Our recurrent inference machine (RIM) was trained on data of a range of echo times and acceleration factors. Training on a single subject’s data already sufficed to outperform CS on unseen data. Furthermore, the RIM was more invariant to the subsampling pattern. Future work will involve training on larger datasets.
To optimize image reconstruction time, a trade-off needs to be found between the network depth, i.e. the number of timesteps and reconstruction accuracy. The fact that a lower loss was obtained for 8 compared to 15 timesteps, means that a time-efficient network with few recurrent iterations can be used.
1. Putzky P, Welling M. Recurrent Inference Machines for Solving Inverse Problems. arXiv:1706.04008, 2017.
2. Virtue P, Yu SX, Lustig M. Better than Real: Complex-valued Neural Nets for MRI Fingerprinting. arXIV:1707.00070v1, 2017.
3. Uecker M, Lai P, Murphy MJ, Virtue P, Elad M, Pauly JM, Vasanawala SS, Lustig M. ESPIRiT — An Eigenvalue Approach to Autocalibrating Parallel MRI : Where SENSE Meets GRAPPA. Magn. Reson. Med. 2014;1001:990–1001.

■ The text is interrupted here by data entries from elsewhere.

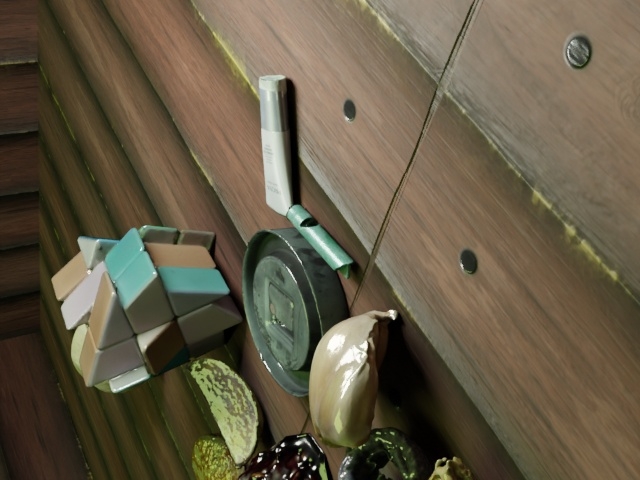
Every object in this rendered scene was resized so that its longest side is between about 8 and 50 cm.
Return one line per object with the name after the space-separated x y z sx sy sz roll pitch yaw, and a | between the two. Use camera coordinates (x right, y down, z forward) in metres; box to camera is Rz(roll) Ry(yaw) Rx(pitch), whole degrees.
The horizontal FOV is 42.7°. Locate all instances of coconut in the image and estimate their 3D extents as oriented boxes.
-0.613 0.325 2.440 0.266 0.237 0.237 12 111 53 | coconut

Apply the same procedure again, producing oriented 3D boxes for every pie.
-0.254 0.577 2.046 0.179 0.084 0.205 52 137 33 | pie

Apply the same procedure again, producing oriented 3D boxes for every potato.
-0.186 0.370 1.850 0.261 0.120 0.100 63 -168 13 | potato

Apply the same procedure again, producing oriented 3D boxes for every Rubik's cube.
-0.382 0.138 1.841 0.358 0.387 0.368 52 161 45 | Rubik's cube

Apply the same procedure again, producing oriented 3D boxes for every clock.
-0.052 0.129 1.526 0.319 0.066 0.319 34 130 52 | clock

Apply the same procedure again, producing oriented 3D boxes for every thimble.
0.106 0.366 1.248 0.098 0.150 0.150 42 -177 -47 | thimble

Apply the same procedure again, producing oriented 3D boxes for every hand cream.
-0.078 -0.167 1.470 0.079 0.048 0.255 28 126 53 | hand cream

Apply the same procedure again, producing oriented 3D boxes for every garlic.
0.036 0.206 1.270 0.217 0.110 0.228 118 173 -70 | garlic

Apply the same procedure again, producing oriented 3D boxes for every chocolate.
-0.095 0.517 1.646 0.224 0.177 0.206 -33 72 61 | chocolate

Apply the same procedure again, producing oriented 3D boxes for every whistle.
0.000 0.000 1.408 0.186 0.039 0.039 48 140 42 | whistle

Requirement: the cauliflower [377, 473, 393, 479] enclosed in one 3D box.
0.066 0.560 1.367 0.327 0.281 0.260 32 157 21 | cauliflower

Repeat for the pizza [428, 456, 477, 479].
0.201 0.437 1.140 0.189 0.071 0.297 20 120 33 | pizza
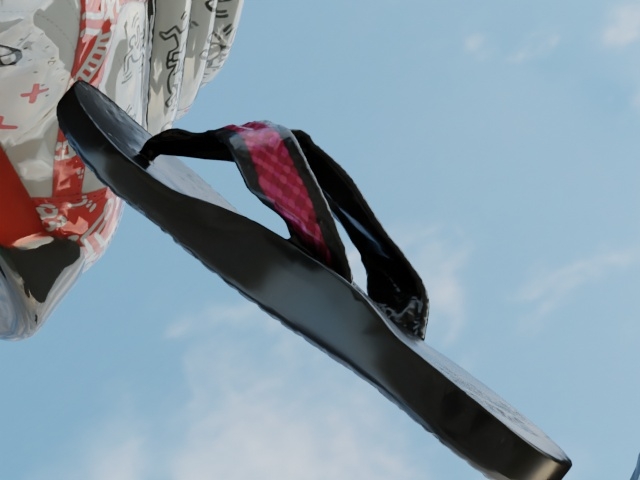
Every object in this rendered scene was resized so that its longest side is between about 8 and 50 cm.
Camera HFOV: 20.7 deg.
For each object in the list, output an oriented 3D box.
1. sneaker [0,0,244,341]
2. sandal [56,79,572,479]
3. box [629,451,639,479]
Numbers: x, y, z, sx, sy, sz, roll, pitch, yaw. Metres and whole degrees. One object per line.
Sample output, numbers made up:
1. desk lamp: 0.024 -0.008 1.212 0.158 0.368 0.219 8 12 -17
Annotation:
1. sneaker: -0.091 -0.099 0.512 0.090 0.270 0.145 22 -122 17
2. sandal: 0.000 0.000 0.429 0.067 0.179 0.040 29 -85 -50
3. box: 0.231 0.114 0.636 0.182 0.296 0.294 14 -70 -3
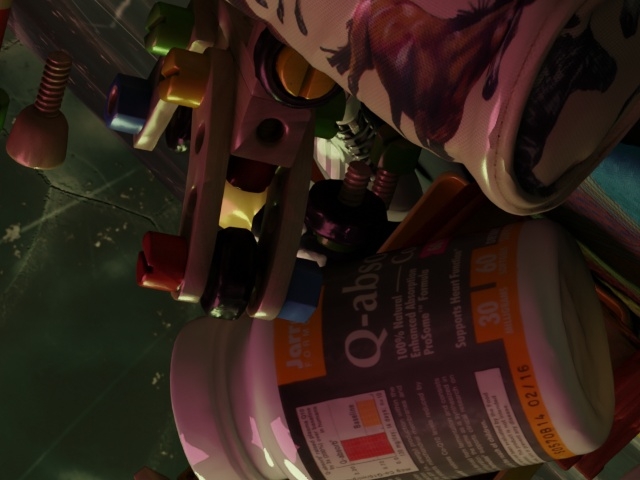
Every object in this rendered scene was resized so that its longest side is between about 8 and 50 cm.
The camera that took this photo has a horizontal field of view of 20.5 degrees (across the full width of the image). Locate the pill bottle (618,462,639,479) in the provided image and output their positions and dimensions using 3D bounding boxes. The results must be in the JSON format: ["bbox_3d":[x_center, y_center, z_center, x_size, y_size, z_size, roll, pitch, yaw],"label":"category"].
[{"bbox_3d":[0.353,0.328,1.570,0.210,0.210,0.363,39,171,33],"label":"pill bottle"}]

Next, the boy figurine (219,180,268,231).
[{"bbox_3d":[0.000,0.000,1.890,0.285,0.092,0.177,34,-178,-7],"label":"boy figurine"}]

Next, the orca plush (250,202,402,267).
[{"bbox_3d":[0.080,0.009,1.732,0.287,0.151,0.102,32,128,8],"label":"orca plush"}]

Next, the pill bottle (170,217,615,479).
[{"bbox_3d":[0.049,0.089,1.213,0.162,0.278,0.162,-13,-90,-71],"label":"pill bottle"}]

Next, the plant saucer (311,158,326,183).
[{"bbox_3d":[-0.021,-0.116,1.818,0.200,0.037,0.200,43,171,8],"label":"plant saucer"}]

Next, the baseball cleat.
[{"bbox_3d":[0.024,-0.094,1.593,0.206,0.072,0.109,43,166,-12],"label":"baseball cleat"}]

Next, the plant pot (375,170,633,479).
[{"bbox_3d":[0.147,0.101,1.546,0.212,0.212,0.187,40,-177,26],"label":"plant pot"}]

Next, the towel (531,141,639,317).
[{"bbox_3d":[0.230,0.010,1.119,0.271,0.040,0.370,41,175,-25],"label":"towel"}]

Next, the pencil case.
[{"bbox_3d":[0.012,-0.180,0.903,0.410,0.160,0.183,40,157,31],"label":"pencil case"}]

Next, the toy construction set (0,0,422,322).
[{"bbox_3d":[-0.079,-0.121,1.127,0.308,0.237,0.257,21,-150,3],"label":"toy construction set"}]

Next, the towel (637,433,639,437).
[{"bbox_3d":[0.332,0.197,1.731,0.060,0.009,0.083,45,171,3],"label":"towel"}]

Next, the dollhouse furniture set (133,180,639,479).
[{"bbox_3d":[0.073,0.148,1.364,0.201,0.374,0.152,51,-172,24],"label":"dollhouse furniture set"}]
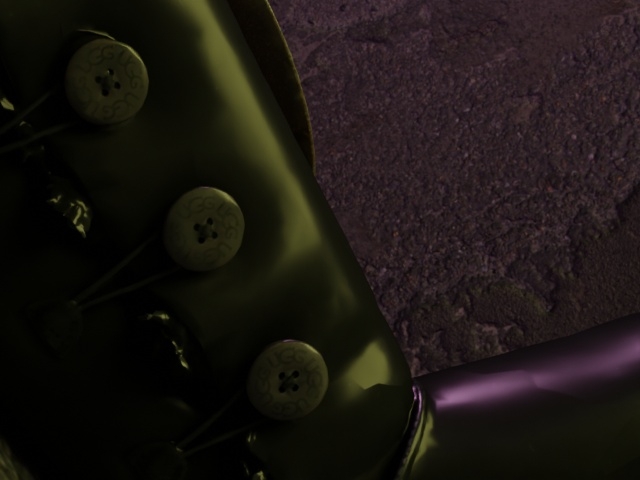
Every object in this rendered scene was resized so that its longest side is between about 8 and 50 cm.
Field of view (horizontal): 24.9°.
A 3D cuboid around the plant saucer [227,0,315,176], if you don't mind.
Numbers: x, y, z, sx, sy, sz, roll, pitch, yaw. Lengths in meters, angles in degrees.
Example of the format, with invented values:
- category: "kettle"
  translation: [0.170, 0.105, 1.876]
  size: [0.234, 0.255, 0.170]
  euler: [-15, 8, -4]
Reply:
- category: "plant saucer"
  translation: [-0.124, -0.117, 0.889]
  size: [0.310, 0.050, 0.310]
  euler: [39, -31, 30]

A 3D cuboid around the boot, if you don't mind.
- category: "boot"
  translation: [-0.001, 0.001, 0.748]
  size: [0.445, 0.367, 0.146]
  euler: [57, -23, -10]
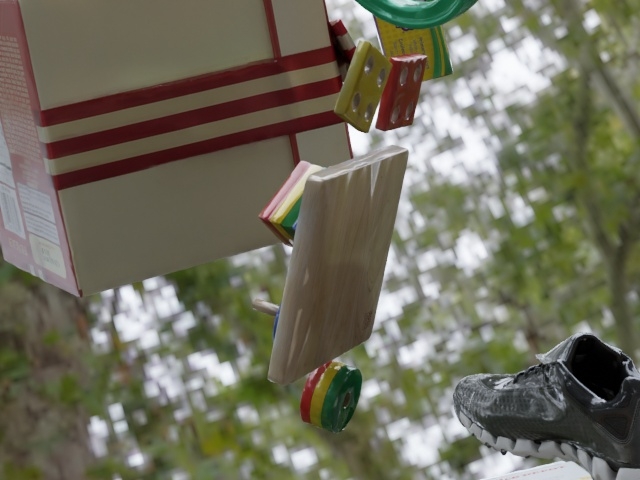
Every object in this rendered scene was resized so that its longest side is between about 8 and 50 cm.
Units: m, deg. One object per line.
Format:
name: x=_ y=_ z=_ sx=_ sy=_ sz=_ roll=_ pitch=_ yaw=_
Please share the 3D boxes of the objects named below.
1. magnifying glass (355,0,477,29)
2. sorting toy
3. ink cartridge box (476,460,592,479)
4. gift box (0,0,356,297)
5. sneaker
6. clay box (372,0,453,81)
magnifying glass: x=-0.009 y=-0.179 z=1.011 sx=0.026 sy=0.231 sz=0.092 roll=-38 pitch=-37 yaw=-38
sorting toy: x=0.000 y=0.000 z=1.221 sx=0.132 sy=0.046 sz=0.274 roll=-24 pitch=-51 yaw=-62
ink cartridge box: x=0.221 y=0.281 z=1.943 sx=0.127 sy=0.072 sz=0.175 roll=-12 pitch=6 yaw=-6
gift box: x=-0.113 y=-0.089 z=1.476 sx=0.258 sy=0.255 sz=0.276 roll=-16 pitch=-72 yaw=-21
sneaker: x=0.183 y=0.113 z=1.443 sx=0.078 sy=0.234 sz=0.106 roll=-15 pitch=-72 yaw=-32
clay box: x=0.053 y=-0.217 z=1.471 sx=0.053 sy=0.127 sz=0.222 roll=-15 pitch=-48 yaw=5
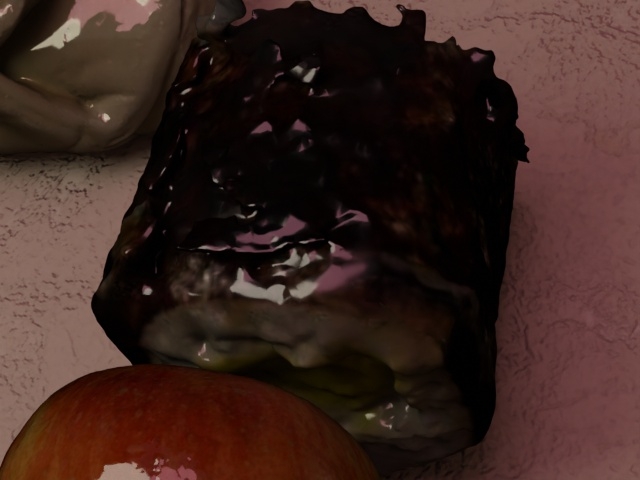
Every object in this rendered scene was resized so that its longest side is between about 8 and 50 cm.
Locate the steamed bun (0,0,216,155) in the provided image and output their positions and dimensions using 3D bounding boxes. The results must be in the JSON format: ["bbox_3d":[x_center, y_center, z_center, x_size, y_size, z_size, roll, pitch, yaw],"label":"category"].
[{"bbox_3d":[-0.271,-0.254,1.668,0.367,0.255,0.342,-3,60,-2],"label":"steamed bun"}]

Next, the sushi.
[{"bbox_3d":[0.000,-0.001,1.450,0.299,0.281,0.294,11,60,3],"label":"sushi"}]

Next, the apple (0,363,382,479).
[{"bbox_3d":[-0.094,0.232,1.315,0.301,0.301,0.302,-6,56,10],"label":"apple"}]
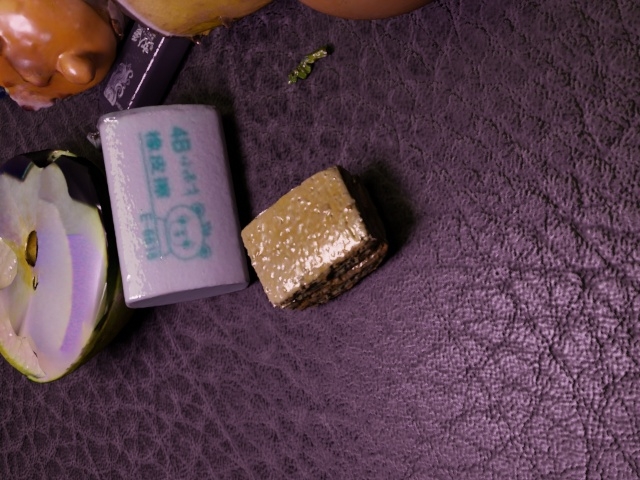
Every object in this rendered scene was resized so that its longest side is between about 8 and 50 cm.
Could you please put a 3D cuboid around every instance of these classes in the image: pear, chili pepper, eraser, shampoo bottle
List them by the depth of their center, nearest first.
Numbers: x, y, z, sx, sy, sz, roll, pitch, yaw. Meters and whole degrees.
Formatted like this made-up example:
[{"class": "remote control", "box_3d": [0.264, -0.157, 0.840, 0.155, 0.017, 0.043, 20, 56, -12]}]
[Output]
[{"class": "chili pepper", "box_3d": [-0.018, -0.254, 1.429, 0.083, 0.022, 0.027, -37, 64, 30]}, {"class": "eraser", "box_3d": [-0.223, -0.055, 1.500, 0.104, 0.189, 0.289, 135, 125, -70]}, {"class": "shampoo bottle", "box_3d": [-0.296, -0.272, 1.643, 0.098, 0.071, 0.309, 48, 120, 28]}, {"class": "pear", "box_3d": [-0.412, 0.037, 1.668, 0.399, 0.165, 0.398, -2, 87, 41]}]

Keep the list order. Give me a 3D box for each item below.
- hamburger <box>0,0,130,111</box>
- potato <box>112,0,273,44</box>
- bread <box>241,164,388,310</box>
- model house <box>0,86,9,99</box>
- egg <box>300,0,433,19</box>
[{"class": "hamburger", "box_3d": [-0.451, -0.345, 1.618, 0.276, 0.276, 0.236, -28, 48, 37]}, {"class": "potato", "box_3d": [-0.177, -0.503, 1.410, 0.296, 0.290, 0.397, -26, 89, 35]}, {"class": "bread", "box_3d": [0.000, 0.000, 1.352, 0.196, 0.102, 0.138, -38, 67, 30]}, {"class": "model house", "box_3d": [-0.626, -0.359, 1.869, 0.194, 0.170, 0.211, -20, 76, 37]}, {"class": "egg", "box_3d": [0.084, -0.434, 1.161, 0.374, 0.301, 0.301, -42, 62, 27]}]
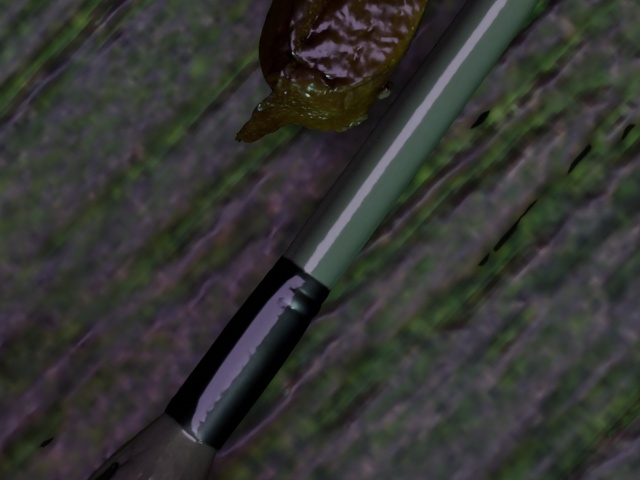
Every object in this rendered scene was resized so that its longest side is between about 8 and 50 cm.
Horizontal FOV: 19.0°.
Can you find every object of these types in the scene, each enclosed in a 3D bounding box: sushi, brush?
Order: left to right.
[{"bbox_3d":[0.000,0.000,0.690,0.042,0.039,0.299,34,89,5],"label":"brush"},{"bbox_3d":[0.010,-0.087,0.682,0.052,0.055,0.120,21,81,-3],"label":"sushi"}]
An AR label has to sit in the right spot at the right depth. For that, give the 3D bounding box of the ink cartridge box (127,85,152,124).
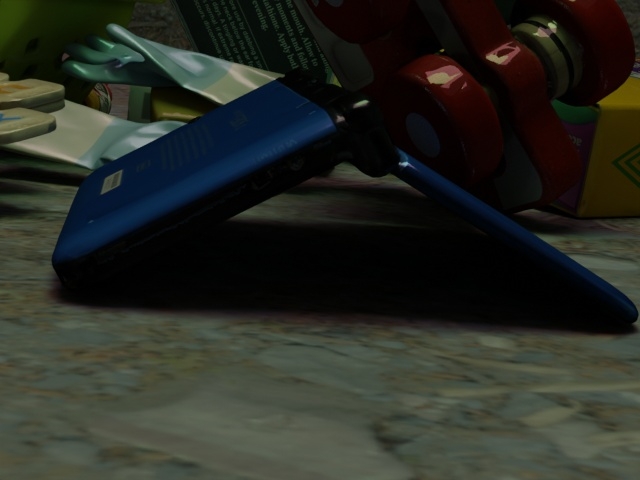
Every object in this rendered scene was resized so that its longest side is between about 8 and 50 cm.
[{"bbox_3d":[-0.078,-0.096,1.280,0.189,0.066,0.232,5,-11,1],"label":"ink cartridge box"}]

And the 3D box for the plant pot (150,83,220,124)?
[{"bbox_3d":[-0.107,-0.092,1.104,0.081,0.081,0.083,6,22,3],"label":"plant pot"}]

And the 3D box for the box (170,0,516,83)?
[{"bbox_3d":[0.043,-0.336,1.523,0.395,0.212,0.293,-20,25,10],"label":"box"}]

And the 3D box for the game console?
[{"bbox_3d":[0.000,0.000,0.769,0.250,0.173,0.293,-27,12,-2],"label":"game console"}]

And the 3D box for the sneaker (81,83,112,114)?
[{"bbox_3d":[-0.323,-0.154,1.323,0.225,0.088,0.093,3,11,-9],"label":"sneaker"}]

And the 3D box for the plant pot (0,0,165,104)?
[{"bbox_3d":[-0.280,-0.243,1.155,0.207,0.227,0.228,-39,-7,19],"label":"plant pot"}]

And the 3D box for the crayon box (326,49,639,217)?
[{"bbox_3d":[0.232,-0.125,1.253,0.313,0.106,0.363,-1,19,-37],"label":"crayon box"}]

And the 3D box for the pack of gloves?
[{"bbox_3d":[-0.128,-0.116,1.035,0.232,0.046,0.195,15,38,16],"label":"pack of gloves"}]

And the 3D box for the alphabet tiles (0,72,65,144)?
[{"bbox_3d":[-0.320,-0.074,0.884,0.278,0.021,0.284,15,27,41],"label":"alphabet tiles"}]

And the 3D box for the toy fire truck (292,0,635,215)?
[{"bbox_3d":[0.077,-0.157,1.017,0.169,0.302,0.254,-34,7,-20],"label":"toy fire truck"}]
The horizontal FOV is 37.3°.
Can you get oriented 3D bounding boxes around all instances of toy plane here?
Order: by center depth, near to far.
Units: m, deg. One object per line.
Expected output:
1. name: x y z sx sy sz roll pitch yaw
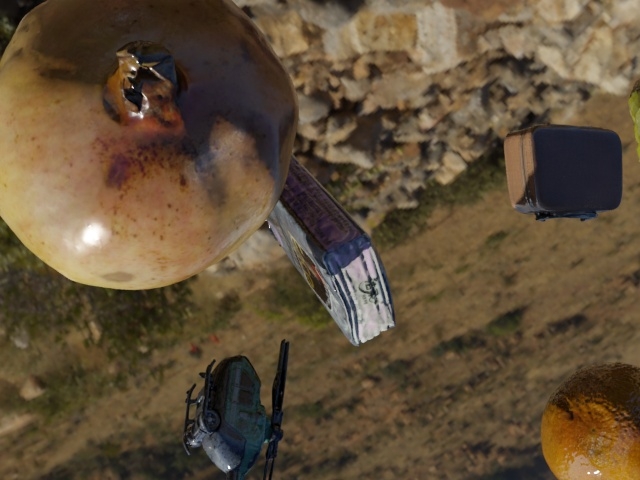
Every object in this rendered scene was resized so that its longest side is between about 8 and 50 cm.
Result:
1. toy plane: -0.127 0.316 1.462 0.155 0.381 0.106 16 139 -18

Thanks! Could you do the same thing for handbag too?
1. handbag: 0.379 -0.104 1.474 0.193 0.151 0.072 2 175 -31

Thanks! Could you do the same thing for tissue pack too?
1. tissue pack: 0.000 0.000 1.793 0.122 0.361 0.259 -29 133 -8

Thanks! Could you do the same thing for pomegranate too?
1. pomegranate: -0.180 -0.115 0.972 0.338 0.338 0.338 -26 151 -16

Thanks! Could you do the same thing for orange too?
1. orange: 0.510 0.337 1.637 0.264 0.264 0.264 -26 151 -16

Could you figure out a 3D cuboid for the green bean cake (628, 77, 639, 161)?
1. green bean cake: 0.667 -0.185 1.656 0.233 0.236 0.124 -5 -154 31
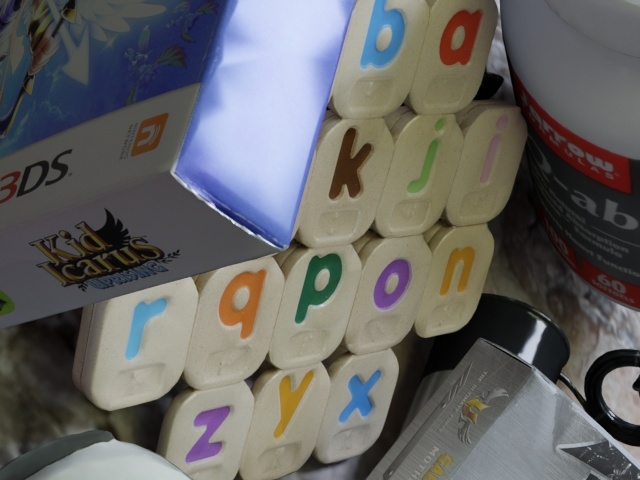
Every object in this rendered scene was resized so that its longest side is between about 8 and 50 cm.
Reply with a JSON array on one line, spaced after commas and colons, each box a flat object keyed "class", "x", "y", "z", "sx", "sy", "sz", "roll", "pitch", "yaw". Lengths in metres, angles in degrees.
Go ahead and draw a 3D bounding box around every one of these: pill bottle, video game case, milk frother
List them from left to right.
[{"class": "video game case", "x": -0.084, "y": -0.099, "z": 0.663, "sx": 0.061, "sy": 0.244, "sz": 0.270, "roll": 35, "pitch": 56, "yaw": -34}, {"class": "milk frother", "x": 0.125, "y": 0.117, "z": 0.903, "sx": 0.129, "sy": 0.143, "sz": 0.135, "roll": 48, "pitch": 50, "yaw": -32}, {"class": "pill bottle", "x": 0.215, "y": -0.108, "z": 0.901, "sx": 0.363, "sy": 0.210, "sz": 0.210, "roll": 61, "pitch": 34, "yaw": -63}]

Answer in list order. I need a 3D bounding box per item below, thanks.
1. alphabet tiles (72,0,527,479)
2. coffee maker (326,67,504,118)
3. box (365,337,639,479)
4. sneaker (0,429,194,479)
[{"class": "alphabet tiles", "x": 0.000, "y": 0.000, "z": 0.790, "sx": 0.284, "sy": 0.021, "sz": 0.278, "roll": -8, "pitch": 120, "yaw": -45}, {"class": "coffee maker", "x": 0.016, "y": -0.164, "z": 0.878, "sx": 0.171, "sy": 0.120, "sz": 0.178, "roll": 3, "pitch": 77, "yaw": -45}, {"class": "box", "x": 0.080, "y": 0.195, "z": 0.817, "sx": 0.231, "sy": 0.056, "sz": 0.183, "roll": -50, "pitch": 121, "yaw": -6}, {"class": "sneaker", "x": -0.019, "y": 0.279, "z": 0.651, "sx": 0.158, "sy": 0.182, "sz": 0.410, "roll": -36, "pitch": 104, "yaw": -10}]
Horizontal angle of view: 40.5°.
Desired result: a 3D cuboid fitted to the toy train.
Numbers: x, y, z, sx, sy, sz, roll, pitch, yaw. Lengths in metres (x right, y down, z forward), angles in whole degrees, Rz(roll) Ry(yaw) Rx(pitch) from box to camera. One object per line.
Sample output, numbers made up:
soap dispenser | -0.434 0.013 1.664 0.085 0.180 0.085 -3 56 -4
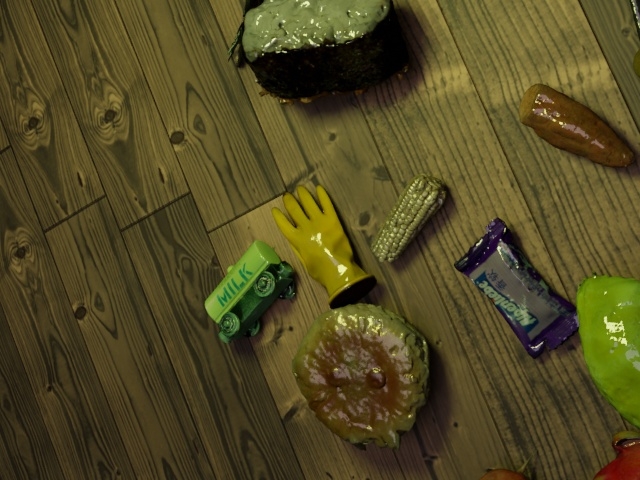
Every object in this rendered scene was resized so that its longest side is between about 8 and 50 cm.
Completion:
toy train | -0.173 0.118 2.025 0.253 0.105 0.157 -50 59 21

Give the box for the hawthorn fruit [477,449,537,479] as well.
hawthorn fruit | 0.369 0.521 1.749 0.149 0.149 0.189 13 102 26

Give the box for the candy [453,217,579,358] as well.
candy | 0.394 0.098 1.734 0.275 0.070 0.145 50 121 10

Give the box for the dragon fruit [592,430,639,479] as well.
dragon fruit | 0.605 0.477 1.573 0.243 0.227 0.307 35 113 25

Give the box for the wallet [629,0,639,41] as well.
wallet | 0.646 -0.306 1.530 0.170 0.044 0.321 -14 88 -14

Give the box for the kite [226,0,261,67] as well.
kite | -0.154 -0.498 1.905 0.013 0.323 0.267 21 62 0

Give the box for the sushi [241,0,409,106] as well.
sushi | 0.010 -0.420 1.810 0.348 0.207 0.234 0 56 24

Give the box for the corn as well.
corn | 0.185 -0.048 1.828 0.087 0.087 0.211 43 119 18

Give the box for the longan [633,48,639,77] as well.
longan | 0.613 -0.326 1.580 0.083 0.075 0.075 -18 85 -13

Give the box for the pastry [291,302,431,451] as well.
pastry | 0.101 0.282 1.865 0.330 0.136 0.329 3 98 22

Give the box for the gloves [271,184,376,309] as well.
gloves | 0.001 -0.001 1.929 0.133 0.116 0.294 -32 69 -1

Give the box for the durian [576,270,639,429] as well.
durian | 0.591 0.198 1.534 0.256 0.204 0.339 -3 57 15

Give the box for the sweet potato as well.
sweet potato | 0.480 -0.210 1.643 0.252 0.097 0.097 39 111 21

4. Liu C, Li W, Tong K a., Yeom KW, Kuzminski S. Susceptibility-weighted imaging and quantitative susceptibility mapping in the brain. J. Magn. Reson. Imaging 2015,23-41.
Figure 2. Left: Training loss over time-steps and training iterations (train-steps), illustrating improved performance over recurring time steps, and convergence during training.
Right: training curves, showing the loss function over multiple training iterations. The complex- and real-valued networks perform similarly, both for 4-fold and 6-fold acceleration. 8T: 8 time steps. 128/256F: number of Features.